You can see that these distribution sort of center around $k=200$, $m=1000$, and $\sigma=100$ which is how we constructed them in the first place. That’s somewhat reassuring!

Finally, we can plot the full uncertainty of predictions using the same methodology as for boostraps:

pyplot.scatter(ts, ys, alpha=0.5, s=100)
samples = sampler.chain[:, -4000:, :].reshape((-1, ndim))
curves = []
for k, m, log_sigma in samples:
curves.append(
model(x_scale, k, m) +
numpy.exp(log_sigma) * numpy.random.normal(size=x_scale.shape)
)

# Plot 95% confidence interval
lo, hi = numpy.percentile(curves, (2.5, 97.5), axis=0)
pyplot.fill_between(t_scale, lo, hi, color='red', alpha=0.5)
pyplot.ylabel('Weight of elephant (kg)')


These Bayesian methods don’t end here. In particular there’s several libraries that work with these kind of problems. It turns out that if you express the problem in a more structured way (not just a negative log-likelihood function), you can make the sampling scale to large problems (as in, thousands of unknown parameters). For Python there’s PyMC3 and PyStan, as well as the slightly more experimental (?) Edward and Pyro.

# Final words

I’ve taken you a bit down the rabbit hole – but it goes much further. In fact, forcing myself to estimate uncertainties for anything I do has been a great forcing function to learn a ton about statistics that I’ve been deferring for too long. I recommend it to anyone who is interested!

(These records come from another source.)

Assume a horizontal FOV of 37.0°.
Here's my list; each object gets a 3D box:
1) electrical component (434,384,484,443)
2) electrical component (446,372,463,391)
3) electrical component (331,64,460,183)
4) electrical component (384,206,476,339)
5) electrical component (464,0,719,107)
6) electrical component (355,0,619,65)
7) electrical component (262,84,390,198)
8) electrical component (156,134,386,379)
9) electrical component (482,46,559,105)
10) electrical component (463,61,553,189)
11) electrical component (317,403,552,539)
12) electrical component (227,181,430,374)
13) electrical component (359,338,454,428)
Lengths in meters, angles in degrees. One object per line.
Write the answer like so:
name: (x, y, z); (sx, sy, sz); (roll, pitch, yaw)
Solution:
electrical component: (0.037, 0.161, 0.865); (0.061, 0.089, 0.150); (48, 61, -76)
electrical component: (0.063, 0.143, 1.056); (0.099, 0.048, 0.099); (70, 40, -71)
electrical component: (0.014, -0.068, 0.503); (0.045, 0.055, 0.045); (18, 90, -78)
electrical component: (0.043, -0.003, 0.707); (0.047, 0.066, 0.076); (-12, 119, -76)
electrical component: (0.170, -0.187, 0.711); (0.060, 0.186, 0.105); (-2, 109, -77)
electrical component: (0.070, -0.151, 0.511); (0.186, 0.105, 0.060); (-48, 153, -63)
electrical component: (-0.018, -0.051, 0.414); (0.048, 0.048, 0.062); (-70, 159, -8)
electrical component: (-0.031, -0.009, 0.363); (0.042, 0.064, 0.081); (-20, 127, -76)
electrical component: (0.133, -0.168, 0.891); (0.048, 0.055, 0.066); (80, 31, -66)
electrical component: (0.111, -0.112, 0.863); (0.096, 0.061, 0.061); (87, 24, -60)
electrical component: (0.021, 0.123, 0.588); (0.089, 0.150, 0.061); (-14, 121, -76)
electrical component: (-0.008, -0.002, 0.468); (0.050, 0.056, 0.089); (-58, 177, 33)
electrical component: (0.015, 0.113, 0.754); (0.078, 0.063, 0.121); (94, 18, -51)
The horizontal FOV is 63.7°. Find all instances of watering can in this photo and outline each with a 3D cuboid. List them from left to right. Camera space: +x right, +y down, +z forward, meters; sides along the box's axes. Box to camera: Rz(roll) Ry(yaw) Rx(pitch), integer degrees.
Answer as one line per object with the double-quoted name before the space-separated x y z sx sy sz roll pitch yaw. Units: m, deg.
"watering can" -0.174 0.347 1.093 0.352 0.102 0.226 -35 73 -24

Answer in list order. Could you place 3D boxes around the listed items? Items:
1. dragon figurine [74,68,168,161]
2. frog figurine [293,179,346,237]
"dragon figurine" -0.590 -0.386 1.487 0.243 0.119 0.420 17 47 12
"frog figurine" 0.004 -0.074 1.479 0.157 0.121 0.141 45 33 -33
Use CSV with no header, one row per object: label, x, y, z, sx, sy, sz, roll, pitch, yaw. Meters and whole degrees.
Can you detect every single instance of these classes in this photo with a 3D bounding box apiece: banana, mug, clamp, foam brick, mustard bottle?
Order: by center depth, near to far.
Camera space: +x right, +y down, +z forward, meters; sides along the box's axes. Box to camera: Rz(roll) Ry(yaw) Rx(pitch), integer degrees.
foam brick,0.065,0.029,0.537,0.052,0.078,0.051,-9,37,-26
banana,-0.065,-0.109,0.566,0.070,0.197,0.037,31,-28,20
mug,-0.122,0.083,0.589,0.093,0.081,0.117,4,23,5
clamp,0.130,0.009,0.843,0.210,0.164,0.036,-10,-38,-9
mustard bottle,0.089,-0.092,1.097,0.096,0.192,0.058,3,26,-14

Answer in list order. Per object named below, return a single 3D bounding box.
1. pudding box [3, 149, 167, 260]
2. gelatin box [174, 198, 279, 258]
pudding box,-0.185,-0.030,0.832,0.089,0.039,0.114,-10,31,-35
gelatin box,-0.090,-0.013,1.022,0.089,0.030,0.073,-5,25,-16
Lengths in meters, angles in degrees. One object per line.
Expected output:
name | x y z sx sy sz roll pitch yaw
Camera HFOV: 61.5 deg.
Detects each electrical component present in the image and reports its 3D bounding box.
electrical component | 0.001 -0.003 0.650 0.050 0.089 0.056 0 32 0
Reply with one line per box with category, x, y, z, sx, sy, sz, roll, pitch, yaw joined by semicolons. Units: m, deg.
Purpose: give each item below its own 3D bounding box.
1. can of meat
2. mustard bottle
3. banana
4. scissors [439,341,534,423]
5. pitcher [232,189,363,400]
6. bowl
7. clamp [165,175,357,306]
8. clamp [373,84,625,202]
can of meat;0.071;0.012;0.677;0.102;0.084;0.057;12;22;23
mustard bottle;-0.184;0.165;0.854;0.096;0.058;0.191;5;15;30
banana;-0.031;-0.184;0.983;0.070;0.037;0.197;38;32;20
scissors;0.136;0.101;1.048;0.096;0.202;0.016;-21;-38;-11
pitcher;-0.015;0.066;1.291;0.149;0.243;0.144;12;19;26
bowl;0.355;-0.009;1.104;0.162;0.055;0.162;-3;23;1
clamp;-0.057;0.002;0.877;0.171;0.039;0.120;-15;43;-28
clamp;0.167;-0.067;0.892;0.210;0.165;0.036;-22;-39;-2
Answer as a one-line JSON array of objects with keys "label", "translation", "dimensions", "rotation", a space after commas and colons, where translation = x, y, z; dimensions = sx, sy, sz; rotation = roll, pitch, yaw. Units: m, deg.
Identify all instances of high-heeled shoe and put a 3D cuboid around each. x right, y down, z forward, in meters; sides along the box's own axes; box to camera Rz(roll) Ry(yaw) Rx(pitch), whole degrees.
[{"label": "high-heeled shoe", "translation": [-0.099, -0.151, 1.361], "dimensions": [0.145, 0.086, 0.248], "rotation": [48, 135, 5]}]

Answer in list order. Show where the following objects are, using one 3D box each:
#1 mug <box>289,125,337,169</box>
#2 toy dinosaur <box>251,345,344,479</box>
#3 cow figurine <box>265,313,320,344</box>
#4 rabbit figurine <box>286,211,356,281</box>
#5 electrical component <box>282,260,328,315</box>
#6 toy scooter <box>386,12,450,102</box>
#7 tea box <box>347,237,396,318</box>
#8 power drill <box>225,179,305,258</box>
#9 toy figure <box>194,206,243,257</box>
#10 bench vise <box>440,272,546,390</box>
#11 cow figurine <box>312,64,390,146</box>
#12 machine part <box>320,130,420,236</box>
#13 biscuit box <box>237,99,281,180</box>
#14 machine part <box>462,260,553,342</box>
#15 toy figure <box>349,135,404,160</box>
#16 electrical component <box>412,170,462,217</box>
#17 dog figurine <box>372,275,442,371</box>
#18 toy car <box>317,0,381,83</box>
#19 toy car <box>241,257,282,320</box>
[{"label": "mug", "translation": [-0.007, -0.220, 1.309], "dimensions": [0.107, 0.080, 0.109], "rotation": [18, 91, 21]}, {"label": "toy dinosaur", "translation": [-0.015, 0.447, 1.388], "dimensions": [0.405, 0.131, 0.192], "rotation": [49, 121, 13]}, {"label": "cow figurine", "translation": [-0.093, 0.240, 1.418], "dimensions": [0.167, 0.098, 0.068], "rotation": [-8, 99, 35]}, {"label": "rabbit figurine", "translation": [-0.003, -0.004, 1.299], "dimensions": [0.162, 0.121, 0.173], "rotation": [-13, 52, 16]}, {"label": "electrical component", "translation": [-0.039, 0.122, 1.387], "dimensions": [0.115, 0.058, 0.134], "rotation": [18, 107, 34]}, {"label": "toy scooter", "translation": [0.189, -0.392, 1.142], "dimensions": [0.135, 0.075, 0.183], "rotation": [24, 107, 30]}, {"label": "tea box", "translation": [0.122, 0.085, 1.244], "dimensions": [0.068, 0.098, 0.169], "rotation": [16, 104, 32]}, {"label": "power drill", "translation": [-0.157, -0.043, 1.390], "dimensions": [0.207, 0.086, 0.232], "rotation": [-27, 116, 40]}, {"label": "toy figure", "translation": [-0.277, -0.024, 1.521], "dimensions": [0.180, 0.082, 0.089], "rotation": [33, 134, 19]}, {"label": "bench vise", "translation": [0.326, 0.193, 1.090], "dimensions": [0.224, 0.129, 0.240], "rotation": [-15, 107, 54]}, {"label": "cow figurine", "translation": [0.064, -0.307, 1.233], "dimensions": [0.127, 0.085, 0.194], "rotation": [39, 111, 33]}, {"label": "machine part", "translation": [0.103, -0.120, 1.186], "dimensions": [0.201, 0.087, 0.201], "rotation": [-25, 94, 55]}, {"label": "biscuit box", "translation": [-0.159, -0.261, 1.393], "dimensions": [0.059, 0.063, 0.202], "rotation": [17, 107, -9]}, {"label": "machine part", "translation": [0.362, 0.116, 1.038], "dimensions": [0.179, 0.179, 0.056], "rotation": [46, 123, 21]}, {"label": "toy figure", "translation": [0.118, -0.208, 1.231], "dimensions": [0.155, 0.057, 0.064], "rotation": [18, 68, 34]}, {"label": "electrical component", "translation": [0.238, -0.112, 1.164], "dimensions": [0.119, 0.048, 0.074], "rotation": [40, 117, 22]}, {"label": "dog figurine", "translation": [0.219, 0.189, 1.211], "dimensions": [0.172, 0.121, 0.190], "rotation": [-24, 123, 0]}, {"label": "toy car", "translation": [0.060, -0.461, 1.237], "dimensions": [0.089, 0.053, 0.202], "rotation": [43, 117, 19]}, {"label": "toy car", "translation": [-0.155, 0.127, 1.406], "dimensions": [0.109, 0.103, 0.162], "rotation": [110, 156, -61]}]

Why do I care about this? I’ve been sitting in so many business meetings where people look at numbers being alarmed whether the monthly number of widgets is going up or down. Or whether widget method X is more productive than widget method Y. Making decisions based on data is hard! But if we were a bit more disciplined about quantifying the uncertainty, we might make better decisions. It’s not easy right now to do this! I really hope we’ll see a popularization of these methods using more accessible tools.

Also, thanks to Jim Savage for some feedback on an earlier draft!